Rob McAlpine
- Birth name: Robert Cameron McAlpine
- Date of birth: 26 March 1991 (age 34)
- Place of birth: Scotland
- Height: 2.01 m (6 ft 7 in)
- Weight: 118 kg (260 lb)
- School: Glasgow Academy
- Notable relative(s): Angus Cameron, great-uncle Donald Cameron, great-uncle

Rugby union career
- Position(s): Lock

Amateur team(s)
- Years: Team / Apps / (Points)
- Ayr RFC /  / ()

Senior career
- Years: Team / Apps / (Points)
- 2011-12: Glasgow Warriors / 0 / (0)
- 2012-14: Edinburgh Rugby / 10 / (0)
- 2016: Glasgow Warriors / 4 / (0)

Provincial / State sides
- Years: Team / Apps / (Points)
- Glasgow District U16 /  / ()
- -: Glasgow District U17 /  / ()
- -: Glasgow District U18 /  / ()

International career
- Years: Team / Apps / (Points)
- Scotland U17
- 2009-11: Scotland U20 / 13 / (0)
- 2016-: Scotland Club XV

= Rob McAlpine =

Scottish rugby union player

Rob McAlpine (born 26 March 1991 in Scotland) is a Scottish rugby union player who plays for Ayr RFC at the Lock position. A former Glasgow Warriors academy player in season 2011-12, he was called back into the Warriors squad on 30 September 2016. He also previously played for Edinburgh Rugby.

==Rugby Union career==

===Amateur career===

McAlpine plays for Ayr.

===Provincial career===

A product of Glasgow Academy, McAlpine played for Glasgow District U16, U17 and Glasgow District U18 age grades.

===Professional career===

He earned a place in the Glasgow Warriors academy for the season 2011-12 as an Elite Development Player. Although named on the Warriors bench, he did not make a competitive start.

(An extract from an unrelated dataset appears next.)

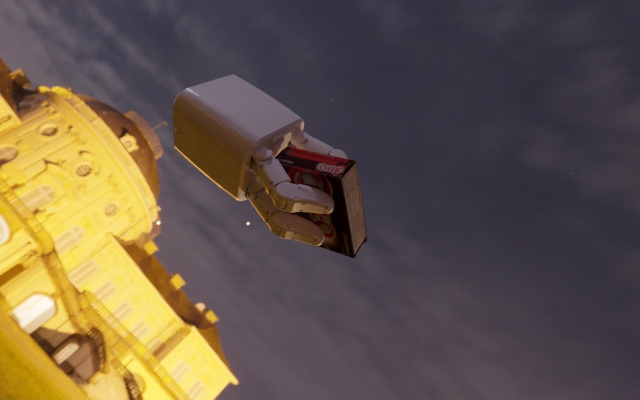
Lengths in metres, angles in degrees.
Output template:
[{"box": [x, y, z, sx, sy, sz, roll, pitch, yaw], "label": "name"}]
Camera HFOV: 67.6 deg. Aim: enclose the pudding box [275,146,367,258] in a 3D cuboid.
[{"box": [0.000, 0.002, 0.522, 0.090, 0.114, 0.039, 16, 47, 32], "label": "pudding box"}]

He then played for Edinburgh Rugby and earned his professional debut against Ulster at Raven Hill on 2 March 2012, coming on as a replacement at half time for Grant Gilchrist.

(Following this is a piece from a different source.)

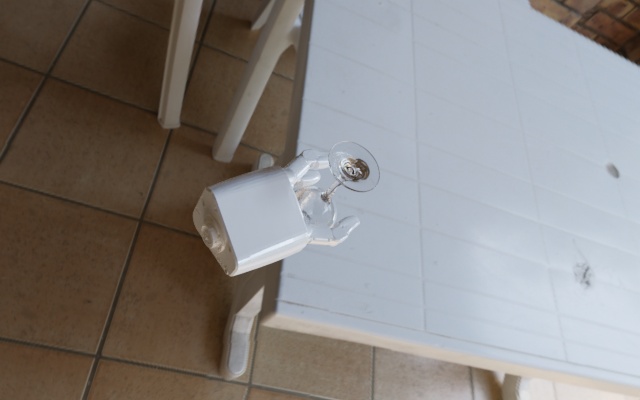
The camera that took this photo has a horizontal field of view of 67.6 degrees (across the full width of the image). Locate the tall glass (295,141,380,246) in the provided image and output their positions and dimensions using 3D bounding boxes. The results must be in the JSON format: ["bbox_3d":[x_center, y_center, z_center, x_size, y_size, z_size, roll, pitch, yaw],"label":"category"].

He was called back into the Warriors squad in 2016 when on 30 September 2016 he was named on the bench to play in the Warriors away match to Newport Gwent Dragons at Rodney Parade.

He made his Warriors debut in the Pro12 that night, replacing Josh Strauss.

===International career===
He earned Scotland call ups at age grades before getting a Scotland Club XV cap in 2016.